After a battery of tests and an appointment with a hematologist, it was determined, thankfully, that there was no underlying condition. I had simply fallen asleep so deeply with my legs crossed on the plane that I didn’t move enough, and a clot formed. A freak accident, if you will.
“We look to see if it was provoked or unprovoked. In this case, it was provoked,” my doctor (who prefers to remain anonymous) told me during a follow-up. He cited the nap on the plane as the culprit, and went on to explain that DVT can occur even after just four hours of immobility.
You’re probably thinking what I was: “But wait, don’t we sleep for more than four hours at a time? How come we don’t get blood clots every night?” The answer is that our bodies naturally move around during sleep. When we are confined to a small space, such as a car or a cramped airplane seat, our bodies don’t have that freedom.
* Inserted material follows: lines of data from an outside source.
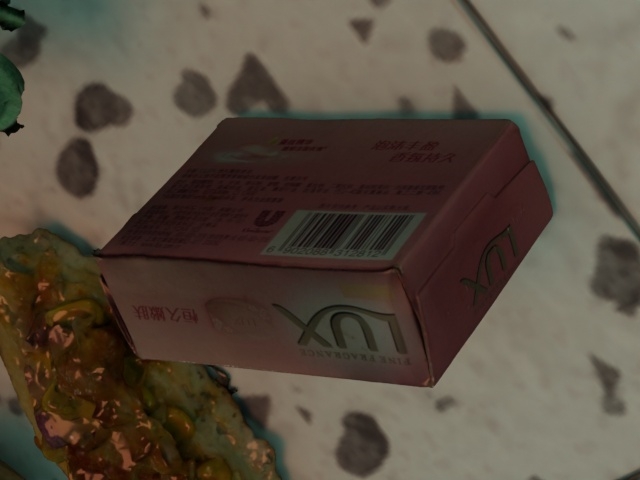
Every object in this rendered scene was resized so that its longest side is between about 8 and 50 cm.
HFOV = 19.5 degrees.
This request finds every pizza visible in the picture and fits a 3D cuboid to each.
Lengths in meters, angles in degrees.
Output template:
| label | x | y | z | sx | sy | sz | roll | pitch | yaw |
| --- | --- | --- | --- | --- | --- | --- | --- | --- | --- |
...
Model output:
| label | x | y | z | sx | sy | sz | roll | pitch | yaw |
| --- | --- | --- | --- | --- | --- | --- | --- | --- | --- |
| pizza | -0.088 | 0.104 | 0.908 | 0.127 | 0.058 | 0.246 | -14 | 112 | 38 |

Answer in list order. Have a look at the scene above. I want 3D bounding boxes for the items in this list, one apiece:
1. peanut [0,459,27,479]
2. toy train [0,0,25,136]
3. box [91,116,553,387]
| label | x | y | z | sx | sy | sz | roll | pitch | yaw |
| --- | --- | --- | --- | --- | --- | --- | --- | --- | --- |
| peanut | -0.268 | 0.228 | 1.042 | 0.174 | 0.158 | 0.340 | 36 | 132 | 15 |
| toy train | -0.248 | -0.090 | 0.802 | 0.189 | 0.126 | 0.307 | 28 | 140 | -32 |
| box | 0.000 | 0.000 | 0.747 | 0.156 | 0.111 | 0.060 | 5 | 128 | 33 |
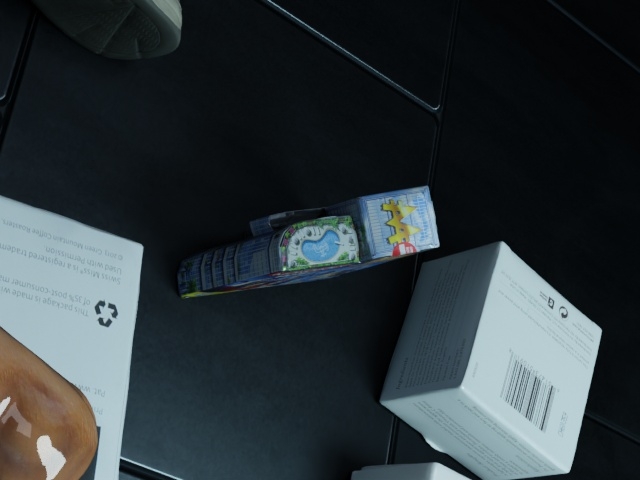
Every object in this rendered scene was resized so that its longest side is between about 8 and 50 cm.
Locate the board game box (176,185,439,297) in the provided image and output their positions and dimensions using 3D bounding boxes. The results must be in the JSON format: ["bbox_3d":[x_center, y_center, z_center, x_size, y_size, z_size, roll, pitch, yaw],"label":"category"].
[{"bbox_3d":[0.000,0.000,1.251,0.194,0.194,0.060,-6,83,-45],"label":"board game box"}]

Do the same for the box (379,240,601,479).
[{"bbox_3d":[0.180,0.129,1.438,0.181,0.119,0.182,39,54,-29],"label":"box"}]

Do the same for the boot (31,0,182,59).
[{"bbox_3d":[-0.204,-0.361,1.149,0.377,0.138,0.284,49,43,-53],"label":"boot"}]

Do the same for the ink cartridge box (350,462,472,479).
[{"bbox_3d":[0.112,0.374,1.305,0.207,0.117,0.283,30,59,-34],"label":"ink cartridge box"}]

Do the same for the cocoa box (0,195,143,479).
[{"bbox_3d":[-0.327,0.080,0.894,0.347,0.228,0.231,20,66,-38],"label":"cocoa box"}]

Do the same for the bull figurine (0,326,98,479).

So how can you prevent this from happening? My doctor had a few suggestions.
Exercise at your seat
Whether you’re in first class or in economy, roll your ankles regularly and pedal your feet back and forth a dozen or so times each. This will get the blood flowing again, and circulate the blood that can pool in your lower legs back up through your veins.
Get up every hour
They say the length of time during which a blood clot can actually develop is much shorter than most people think — approximately four hours of immobility is when your risk increases. Get up every hour to stretch your legs. Take a walk to the lav. Even the short stroll down the aisle will help keep the blood flowing.
Familiarize yourself with the symptoms
The greatest danger associated with a blood clot in your leg is that it can dislodge and move to your heart or lungs, causing life-threatening conditions. Take a minute to memorize the symptoms of DVT (swelling, redness, pain), and if you think you could have a clot, seek medical attention immediately to prevent additional complications.